Cancel culture is horrible, but not censorship

Published 12:30 pm Thursday, October 9, 2025

For your consideration - Thom Barker For your consideration - Thom Barker
For your consideration - Thom Barker For your consideration - Thom Barker

I don't delve much into politics much anymore in this space.

Frankly, there's just too much noise, vitriol, and intransigence in politics these days. It usually feels like a waste of effort.

One of the things that really concerns me, though, is that people don't seem to understand (or wilfully misrepresent) the concepts they are throwing around.

Take, for example, free speech and censorship.

In Canada, Section 2(b) of the Charter of Rights and Freedoms guarantees everyone the fundamental freedom of thought, belief, opinion, and expression, including freedom of the press.

Nowhere in the Constitution does it say that other people have to listen to what you express, or accept your beliefs and opinions.

The Charter also applies to absolutely everybody, so if somebody disagrees with what you're expressing, they have the same right to express their opinion of your opinion.

I wish people would be more civil about it, but that is where we are in the social media-driven world of public discourse.

However, disagreement, even public disagreement, is not censorship. Censorship is the removal or suppression of speech, writing, artistic work, information or other forms of communication by a government or private institution.

Being ostracized or "cancelled" by the public, as it has become known in the modern context, is not censorship. 

Don't get me wrong, there is a litany of things wrong with cancel culture (on both sides of the political spectrum). It is the mobilization of mob mentality that amounts to bullying and public shaming without due process, and often leads to unjust consequences for persons on the wrong end of it.

It's horrible, but it's not censorship.

What Brendan Carr, chair of the American Federal Communications Commission, did to Jimmy Kimmel was tantamount to censorship — maybe, legally, not quite there, but suppression nonetheless.

In the United States, the First Amendment prevents Congress from making laws abridging the freedom of speech.

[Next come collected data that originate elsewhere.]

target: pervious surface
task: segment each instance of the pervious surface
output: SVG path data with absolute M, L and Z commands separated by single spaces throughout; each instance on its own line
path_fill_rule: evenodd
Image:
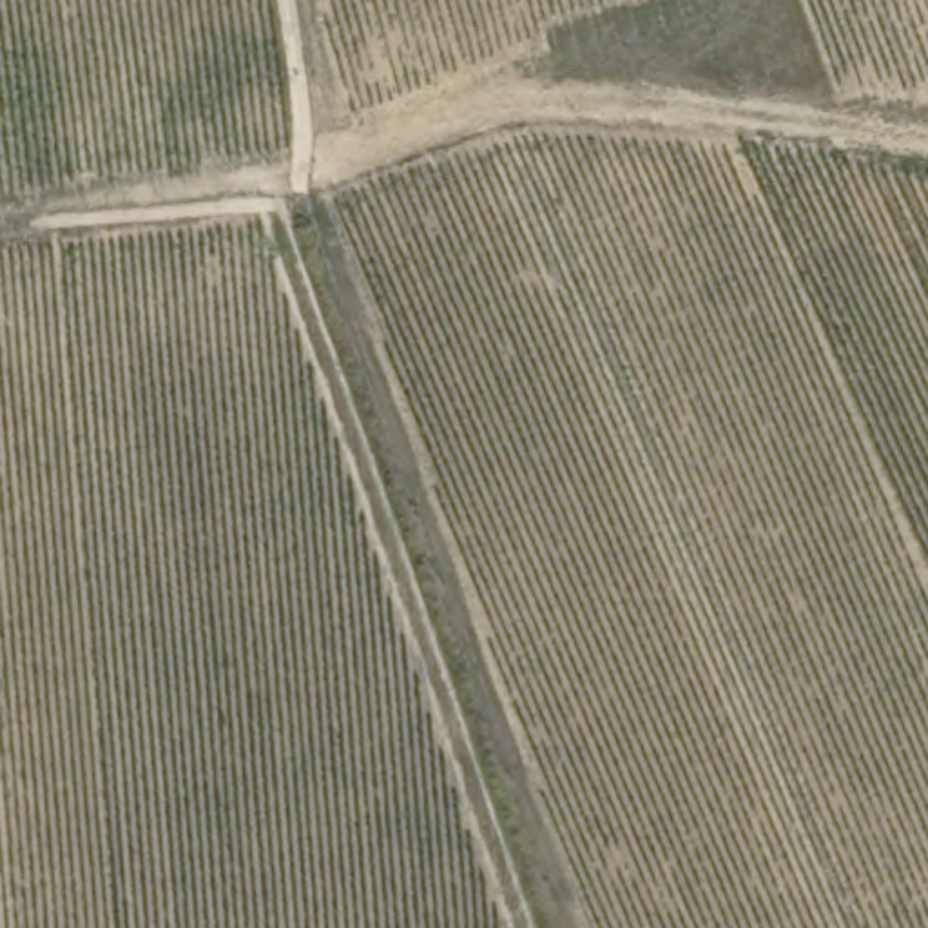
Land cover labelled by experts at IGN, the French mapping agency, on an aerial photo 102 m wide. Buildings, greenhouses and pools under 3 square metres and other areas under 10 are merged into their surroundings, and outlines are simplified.
M 294 0 L 276 0 L 294 116 L 290 160 L 294 189 L 308 192 L 312 131 L 308 76 L 301 58 Z

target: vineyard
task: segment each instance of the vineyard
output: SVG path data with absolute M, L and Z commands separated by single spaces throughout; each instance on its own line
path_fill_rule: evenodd
M 798 0 L 823 76 L 837 98 L 928 105 L 928 0 Z
M 290 160 L 294 116 L 276 0 L 0 0 L 0 928 L 529 928 L 529 899 L 522 892 L 518 866 L 500 827 L 497 805 L 489 798 L 489 787 L 482 787 L 486 798 L 471 805 L 468 779 L 460 769 L 460 754 L 475 754 L 475 740 L 450 663 L 442 656 L 435 624 L 428 616 L 428 602 L 417 584 L 413 566 L 424 562 L 424 555 L 450 558 L 457 573 L 489 685 L 500 700 L 508 732 L 526 769 L 533 808 L 569 888 L 569 917 L 576 928 L 928 928 L 928 156 L 906 156 L 874 145 L 837 149 L 827 138 L 736 131 L 718 123 L 667 127 L 653 120 L 504 120 L 482 131 L 446 134 L 442 141 L 417 145 L 406 156 L 359 170 L 344 181 L 319 185 L 315 192 L 330 214 L 334 247 L 344 257 L 344 276 L 366 319 L 373 359 L 384 373 L 392 406 L 402 421 L 428 500 L 428 515 L 410 518 L 413 537 L 406 540 L 399 533 L 377 457 L 370 450 L 366 424 L 359 417 L 348 373 L 341 366 L 315 283 L 308 276 L 294 218 L 279 221 L 276 214 L 250 214 L 243 221 L 221 225 L 214 218 L 174 218 L 36 228 L 36 218 L 47 214 L 51 199 L 94 196 L 116 185 L 145 185 L 152 178 L 189 178 L 199 174 L 203 156 L 228 156 L 239 167 L 268 167 Z
M 468 73 L 468 87 L 475 94 L 486 87 L 511 83 L 518 76 L 518 58 L 547 54 L 551 29 L 613 7 L 634 7 L 645 0 L 294 0 L 301 58 L 308 76 L 312 131 L 355 134 L 363 127 L 363 109 L 392 102 L 413 87 L 435 83 L 442 73 L 453 69 Z

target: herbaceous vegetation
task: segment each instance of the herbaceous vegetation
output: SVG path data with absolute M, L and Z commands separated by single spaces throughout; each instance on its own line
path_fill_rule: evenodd
M 417 145 L 442 141 L 446 134 L 482 131 L 504 120 L 653 120 L 667 127 L 718 123 L 736 131 L 827 138 L 837 149 L 874 145 L 906 156 L 928 156 L 928 105 L 837 98 L 823 76 L 798 0 L 645 0 L 634 7 L 613 7 L 551 29 L 547 54 L 518 58 L 518 76 L 511 83 L 486 87 L 475 94 L 468 87 L 468 73 L 453 69 L 442 73 L 435 83 L 413 87 L 392 102 L 363 109 L 363 127 L 355 134 L 312 131 L 308 192 L 294 189 L 290 160 L 268 167 L 239 167 L 228 156 L 203 156 L 199 174 L 189 178 L 152 178 L 145 185 L 116 185 L 94 196 L 51 199 L 47 214 L 36 218 L 36 228 L 174 218 L 214 218 L 221 225 L 243 221 L 250 214 L 276 214 L 279 221 L 294 218 L 308 276 L 315 283 L 341 366 L 348 373 L 359 417 L 366 424 L 370 450 L 377 457 L 399 533 L 406 540 L 413 537 L 410 518 L 428 515 L 428 500 L 402 421 L 392 406 L 384 373 L 373 359 L 366 319 L 344 276 L 344 257 L 334 247 L 330 214 L 315 192 L 319 185 L 344 181 L 359 170 L 406 156 Z
M 442 656 L 450 663 L 475 740 L 475 754 L 460 754 L 460 769 L 468 779 L 471 805 L 486 798 L 482 787 L 489 787 L 489 798 L 497 805 L 500 827 L 518 866 L 522 892 L 529 899 L 529 928 L 576 928 L 569 917 L 569 888 L 533 808 L 526 769 L 508 732 L 500 700 L 489 685 L 457 573 L 450 558 L 424 555 L 424 562 L 413 566 L 417 584 L 428 602 L 428 616 L 435 624 Z

So, a federal agency threatening a broadcaster's licences if they don't remove the offending free speech, smells a lot like censorship.

What ABC did, in capitulating to the bully, was definitely censorship.

And despite the cries of people who were glad to see Kimmel go, what the public did in getting ABC to reinstate him was not censorship.

By cancelling subscriptions to ABC's parent company Disney's streaming service, customers sent a financial message.

It's a little (OK, a lot) disturbing that these massively powerful corporations (or the people who lead them, perhaps) have no principles, because if ever there was a principle that should be at the top of the pile, it's free speech.